The Western Dressage Association of America holds the rule book on what is expected in the dressage arena from what kind of tack to use or what kind of test you want to perform. As a 501c3 nonprofit, the WDAA's mission to educate riders about the well-being of the horse and it has been recognized by the United States Equestrian Federation (USEF) since 2013. With only basic tack and attire requirements, the WDAA encourages any rider and equine partnership to participate in a western dressage test.


Any western bridle made of leather or leather-type material may be used, with or without a cavesson. A snaffle or bosal may be used at any age or any level as long as the rider uses two hands while performing their test. When using a curb bit, the rider may choose to use one or two hands. If a rider chooses to use two hands they may not switch back and forth between one and two hands during the test.

Any western saddle may be used to perform your tests unless you are using a tapaderos saddle which is not permitted when performing in a Western Dressage Equitation class. Horns on your western saddle are optional as well. Western breastplates and cruppers may also be used at the rider's discretion. Silver will not count against your overall score.

Whips may be no longer than 47 inches including lash. Polo wraps are permitted in the dressage ring but must be as matching to the horse's color as possible.

Rider Apparel

Riders must have a suitable hat, boots, trousers and long-sleeved shirts of any color. Short sleeves may be at the discretion of the judge of the day. Optional accessories are a scarf, bow ties, neckties, vest, jackets, spurs (English or western, but no sharp tines permitted) chaps, shotgun chaps or chinks. For the hat, protective gear such as a helmet is recommended but not required, you may wear a western hat instead.

Western Dressage Tests

There are six levels of tests in which a horse and rider combination can compete: intro level, basic level, level one, level two, level three, and freestyle. The levels are used to judge the correctness of the horse and rider's schooling as they move upward into more advanced maneuvers.

Scoring Criteria

  • Freedom and regularity of the horse's movement (gaits).
  • Your horse's desire to move forward, the elasticity of steps and roundness (impulsion).
  • The horse's attention and confidence, harmony with the rider, lightness of movements and acceptance of the bit (submission).
  • Position, correctness of the seat, and effect of the aids (rider ability).

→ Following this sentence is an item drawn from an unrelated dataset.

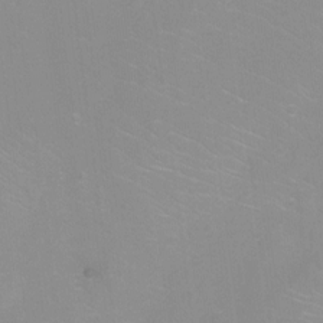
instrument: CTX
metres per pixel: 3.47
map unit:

Each movement is scored on a scale from 0- “Not performed" to 10-"excellent", which creates an overall score for the test. Each level requires a certain test score to move up to the next level, and each test is timed for a specific level and the size of the arena."

Dressage Arenas

The small dressage arena is 20x40 meters with the letters of A, F, B, M, C, H, E & K, and the large arena is 20x60 meters with the letters of A, F, P, B, R, M, C, H, S, E, V & K. When you sign up for your dressage test be mindful of what size ring you will be performing your test in so that you are practicing with the right letters and size. The letters are important as they tell you where your test will change directionally or change to a different gait. As you get into higher levels of your tests there will be even more challenging gaits and movements that will be required of you and your horse.

Since dressage is all about acknowledging your schooling, judges will give you your test sheet so you know what you have to work on before you go to your next test. As you might expect, hard work dedication, and practice will pay off, not only with a particular dressage test, but in your everyday riding and enjoyment of your partner. You can read up on the rules and regulations on the WDAA's website and get in the saddle!